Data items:
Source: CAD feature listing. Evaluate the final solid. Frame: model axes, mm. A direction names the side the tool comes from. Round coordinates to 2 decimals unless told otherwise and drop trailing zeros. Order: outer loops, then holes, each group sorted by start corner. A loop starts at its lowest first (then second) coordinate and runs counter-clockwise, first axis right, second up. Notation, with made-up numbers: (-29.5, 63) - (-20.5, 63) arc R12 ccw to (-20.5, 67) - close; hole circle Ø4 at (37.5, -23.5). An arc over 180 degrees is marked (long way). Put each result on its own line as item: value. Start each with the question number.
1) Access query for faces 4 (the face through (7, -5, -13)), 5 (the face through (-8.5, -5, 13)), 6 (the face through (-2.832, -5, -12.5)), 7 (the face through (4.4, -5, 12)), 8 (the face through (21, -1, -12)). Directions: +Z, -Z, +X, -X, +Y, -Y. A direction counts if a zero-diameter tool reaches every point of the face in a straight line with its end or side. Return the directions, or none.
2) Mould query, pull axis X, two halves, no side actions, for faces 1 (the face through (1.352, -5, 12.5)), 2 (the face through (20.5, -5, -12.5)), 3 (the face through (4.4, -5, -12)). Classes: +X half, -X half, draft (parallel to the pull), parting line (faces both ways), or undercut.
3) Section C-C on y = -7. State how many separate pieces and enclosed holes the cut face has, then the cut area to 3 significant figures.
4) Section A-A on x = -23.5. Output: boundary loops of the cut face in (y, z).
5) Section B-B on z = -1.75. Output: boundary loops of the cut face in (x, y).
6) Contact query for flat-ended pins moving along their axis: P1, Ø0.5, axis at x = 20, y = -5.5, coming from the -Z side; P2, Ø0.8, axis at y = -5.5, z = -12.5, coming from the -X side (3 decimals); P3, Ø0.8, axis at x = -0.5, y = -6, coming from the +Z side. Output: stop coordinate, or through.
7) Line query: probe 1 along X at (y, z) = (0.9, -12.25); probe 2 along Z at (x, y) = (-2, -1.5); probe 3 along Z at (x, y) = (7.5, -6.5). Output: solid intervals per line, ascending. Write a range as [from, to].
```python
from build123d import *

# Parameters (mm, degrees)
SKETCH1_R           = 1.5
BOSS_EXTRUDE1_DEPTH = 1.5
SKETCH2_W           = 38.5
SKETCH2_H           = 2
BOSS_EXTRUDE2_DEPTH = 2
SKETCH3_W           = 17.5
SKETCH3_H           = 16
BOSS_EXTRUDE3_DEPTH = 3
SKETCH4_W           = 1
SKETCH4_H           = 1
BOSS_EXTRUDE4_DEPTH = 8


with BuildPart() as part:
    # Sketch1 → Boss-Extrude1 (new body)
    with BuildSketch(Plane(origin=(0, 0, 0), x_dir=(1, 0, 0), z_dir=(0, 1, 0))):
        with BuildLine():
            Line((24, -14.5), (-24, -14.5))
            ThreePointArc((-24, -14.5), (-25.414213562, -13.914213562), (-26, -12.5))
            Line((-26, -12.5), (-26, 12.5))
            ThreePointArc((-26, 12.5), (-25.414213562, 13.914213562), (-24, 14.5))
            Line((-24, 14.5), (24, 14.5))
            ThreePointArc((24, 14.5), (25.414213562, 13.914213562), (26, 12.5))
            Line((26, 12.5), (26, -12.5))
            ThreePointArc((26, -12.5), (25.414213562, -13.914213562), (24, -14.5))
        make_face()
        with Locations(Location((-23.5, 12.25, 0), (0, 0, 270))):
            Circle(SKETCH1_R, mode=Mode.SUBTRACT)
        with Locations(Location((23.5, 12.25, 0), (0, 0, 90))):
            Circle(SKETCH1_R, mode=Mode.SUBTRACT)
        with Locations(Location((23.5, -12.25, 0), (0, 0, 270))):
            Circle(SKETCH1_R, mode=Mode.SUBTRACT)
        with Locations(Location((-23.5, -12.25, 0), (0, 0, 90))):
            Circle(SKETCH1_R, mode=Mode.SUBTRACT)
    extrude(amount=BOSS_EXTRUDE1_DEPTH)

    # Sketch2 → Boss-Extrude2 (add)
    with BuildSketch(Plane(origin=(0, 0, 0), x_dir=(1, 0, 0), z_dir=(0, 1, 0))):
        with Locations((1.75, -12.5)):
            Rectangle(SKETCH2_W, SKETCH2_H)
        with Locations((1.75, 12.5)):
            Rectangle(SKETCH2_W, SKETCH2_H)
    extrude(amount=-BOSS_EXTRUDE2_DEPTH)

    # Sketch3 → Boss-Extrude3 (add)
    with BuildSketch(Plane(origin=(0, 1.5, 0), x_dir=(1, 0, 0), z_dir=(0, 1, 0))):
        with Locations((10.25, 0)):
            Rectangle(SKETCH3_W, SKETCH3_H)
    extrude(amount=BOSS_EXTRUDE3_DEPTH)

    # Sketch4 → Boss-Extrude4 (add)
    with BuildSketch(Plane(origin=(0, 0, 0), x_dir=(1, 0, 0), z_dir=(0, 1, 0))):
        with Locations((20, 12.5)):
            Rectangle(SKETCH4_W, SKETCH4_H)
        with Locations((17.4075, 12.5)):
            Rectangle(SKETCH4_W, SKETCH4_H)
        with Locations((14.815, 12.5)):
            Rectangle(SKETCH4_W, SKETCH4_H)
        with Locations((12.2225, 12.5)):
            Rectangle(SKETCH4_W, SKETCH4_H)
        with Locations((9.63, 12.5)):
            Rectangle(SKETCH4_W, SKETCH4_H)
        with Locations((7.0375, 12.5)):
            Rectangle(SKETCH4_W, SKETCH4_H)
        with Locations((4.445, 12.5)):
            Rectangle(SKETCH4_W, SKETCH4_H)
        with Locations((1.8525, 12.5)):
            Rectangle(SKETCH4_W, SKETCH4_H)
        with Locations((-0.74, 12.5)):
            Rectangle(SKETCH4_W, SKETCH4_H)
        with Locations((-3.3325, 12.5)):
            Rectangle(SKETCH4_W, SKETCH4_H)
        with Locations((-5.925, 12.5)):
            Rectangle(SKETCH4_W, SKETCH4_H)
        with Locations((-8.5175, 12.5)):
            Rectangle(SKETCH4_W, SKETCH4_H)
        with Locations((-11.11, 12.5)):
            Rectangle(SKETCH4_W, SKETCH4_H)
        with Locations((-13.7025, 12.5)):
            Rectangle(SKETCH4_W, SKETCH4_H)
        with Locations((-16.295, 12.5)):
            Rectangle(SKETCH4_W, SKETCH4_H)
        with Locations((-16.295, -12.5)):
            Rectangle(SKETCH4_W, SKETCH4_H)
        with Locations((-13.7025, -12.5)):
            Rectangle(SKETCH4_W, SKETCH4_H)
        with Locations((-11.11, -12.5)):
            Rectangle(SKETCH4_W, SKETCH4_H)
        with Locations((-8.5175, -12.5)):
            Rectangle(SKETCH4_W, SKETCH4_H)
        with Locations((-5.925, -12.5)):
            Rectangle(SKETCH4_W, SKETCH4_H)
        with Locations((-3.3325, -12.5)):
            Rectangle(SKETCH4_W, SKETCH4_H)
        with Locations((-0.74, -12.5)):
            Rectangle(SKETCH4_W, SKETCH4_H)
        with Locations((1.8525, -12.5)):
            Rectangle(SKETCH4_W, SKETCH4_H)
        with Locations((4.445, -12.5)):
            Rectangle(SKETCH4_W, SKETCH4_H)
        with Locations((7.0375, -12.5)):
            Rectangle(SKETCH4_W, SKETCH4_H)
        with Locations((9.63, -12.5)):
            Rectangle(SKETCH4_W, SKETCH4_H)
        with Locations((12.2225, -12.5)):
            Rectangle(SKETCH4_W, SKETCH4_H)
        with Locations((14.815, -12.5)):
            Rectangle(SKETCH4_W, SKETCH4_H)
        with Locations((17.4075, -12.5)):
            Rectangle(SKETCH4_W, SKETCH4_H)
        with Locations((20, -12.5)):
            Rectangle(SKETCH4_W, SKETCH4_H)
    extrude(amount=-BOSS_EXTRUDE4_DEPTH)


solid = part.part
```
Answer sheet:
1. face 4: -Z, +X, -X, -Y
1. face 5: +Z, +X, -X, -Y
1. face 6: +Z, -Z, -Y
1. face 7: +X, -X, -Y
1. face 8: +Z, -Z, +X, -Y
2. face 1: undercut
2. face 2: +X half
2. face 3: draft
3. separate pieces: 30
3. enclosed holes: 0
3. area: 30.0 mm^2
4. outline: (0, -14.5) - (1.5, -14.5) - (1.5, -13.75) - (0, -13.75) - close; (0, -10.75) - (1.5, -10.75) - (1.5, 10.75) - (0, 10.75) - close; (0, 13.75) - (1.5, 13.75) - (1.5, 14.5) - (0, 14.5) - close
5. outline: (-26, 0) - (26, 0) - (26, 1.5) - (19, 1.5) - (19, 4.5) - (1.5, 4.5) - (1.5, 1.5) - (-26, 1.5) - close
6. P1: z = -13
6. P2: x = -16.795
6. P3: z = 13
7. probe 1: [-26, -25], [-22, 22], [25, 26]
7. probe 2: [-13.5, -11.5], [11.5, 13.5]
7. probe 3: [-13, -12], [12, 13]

Your assignment:
The word "amount" occurs on some lines of the data. Give the number of those lines only.

Result:
4